_Work task:_ Search the listing below for the string "following" and copy every line where it occurs.

_Stored data:_
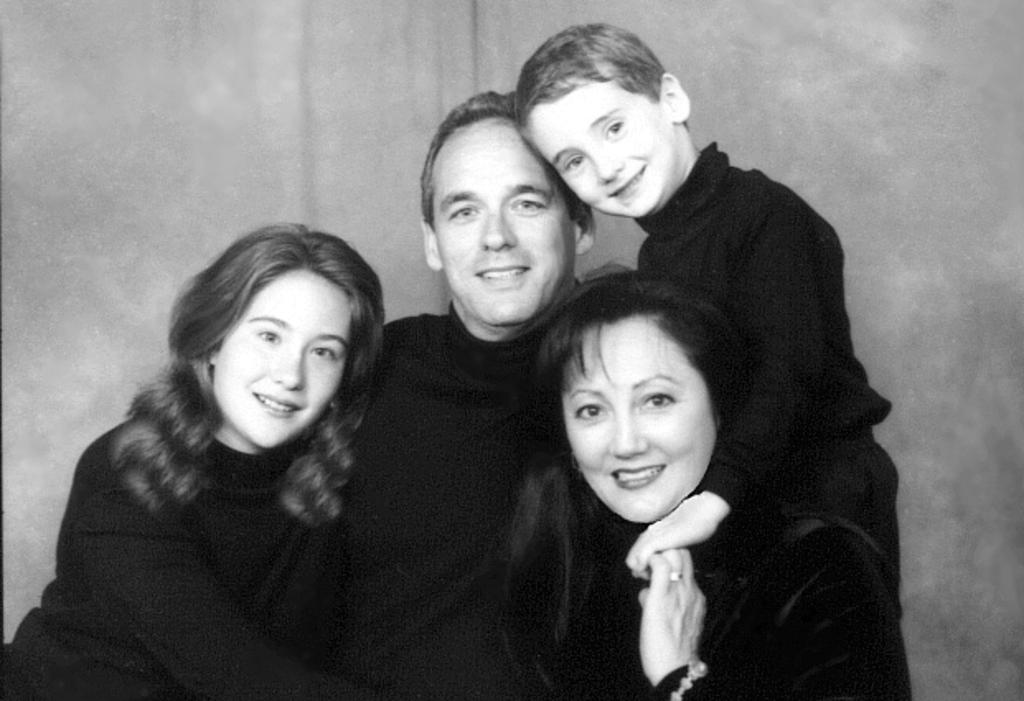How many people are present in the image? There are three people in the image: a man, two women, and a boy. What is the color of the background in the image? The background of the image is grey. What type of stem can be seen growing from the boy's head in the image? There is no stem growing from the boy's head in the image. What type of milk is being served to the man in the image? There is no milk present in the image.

---

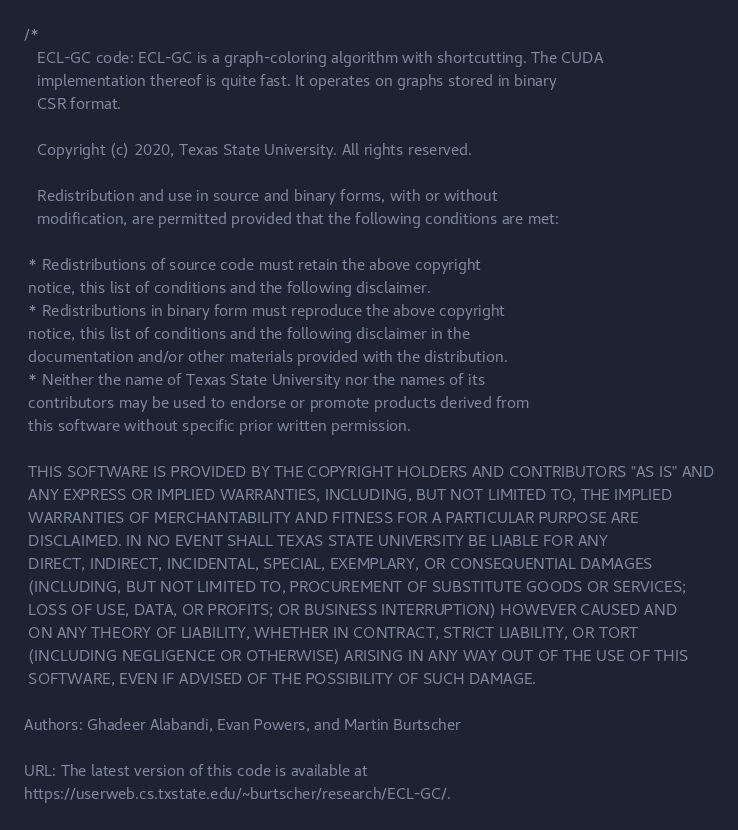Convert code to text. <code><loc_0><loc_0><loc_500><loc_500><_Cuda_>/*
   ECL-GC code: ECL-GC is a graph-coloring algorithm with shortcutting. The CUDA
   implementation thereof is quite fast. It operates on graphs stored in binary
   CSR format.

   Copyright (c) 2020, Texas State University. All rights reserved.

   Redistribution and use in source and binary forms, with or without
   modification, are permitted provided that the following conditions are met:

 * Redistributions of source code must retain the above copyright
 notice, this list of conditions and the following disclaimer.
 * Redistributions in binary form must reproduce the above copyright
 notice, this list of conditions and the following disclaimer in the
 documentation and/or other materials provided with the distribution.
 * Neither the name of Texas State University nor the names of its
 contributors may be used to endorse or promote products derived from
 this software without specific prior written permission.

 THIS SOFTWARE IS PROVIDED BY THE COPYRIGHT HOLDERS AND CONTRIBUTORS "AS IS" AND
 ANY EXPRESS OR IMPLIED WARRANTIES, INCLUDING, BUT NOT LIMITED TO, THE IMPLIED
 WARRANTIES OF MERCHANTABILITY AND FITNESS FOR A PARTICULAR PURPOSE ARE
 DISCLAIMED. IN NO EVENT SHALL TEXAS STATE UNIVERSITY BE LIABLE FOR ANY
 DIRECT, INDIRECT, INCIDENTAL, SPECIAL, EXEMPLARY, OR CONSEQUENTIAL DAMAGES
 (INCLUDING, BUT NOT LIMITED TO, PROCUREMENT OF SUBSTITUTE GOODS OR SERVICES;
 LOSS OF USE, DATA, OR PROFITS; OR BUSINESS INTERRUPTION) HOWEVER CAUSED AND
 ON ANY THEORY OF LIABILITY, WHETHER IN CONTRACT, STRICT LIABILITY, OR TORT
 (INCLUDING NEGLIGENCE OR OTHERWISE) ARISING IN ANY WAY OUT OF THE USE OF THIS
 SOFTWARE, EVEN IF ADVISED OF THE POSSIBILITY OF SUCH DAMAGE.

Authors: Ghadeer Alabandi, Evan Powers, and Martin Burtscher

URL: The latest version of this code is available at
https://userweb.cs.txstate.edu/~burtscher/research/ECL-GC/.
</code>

_Solution to the problem:_
   modification, are permitted provided that the following conditions are met:
 notice, this list of conditions and the following disclaimer.
 notice, this list of conditions and the following disclaimer in the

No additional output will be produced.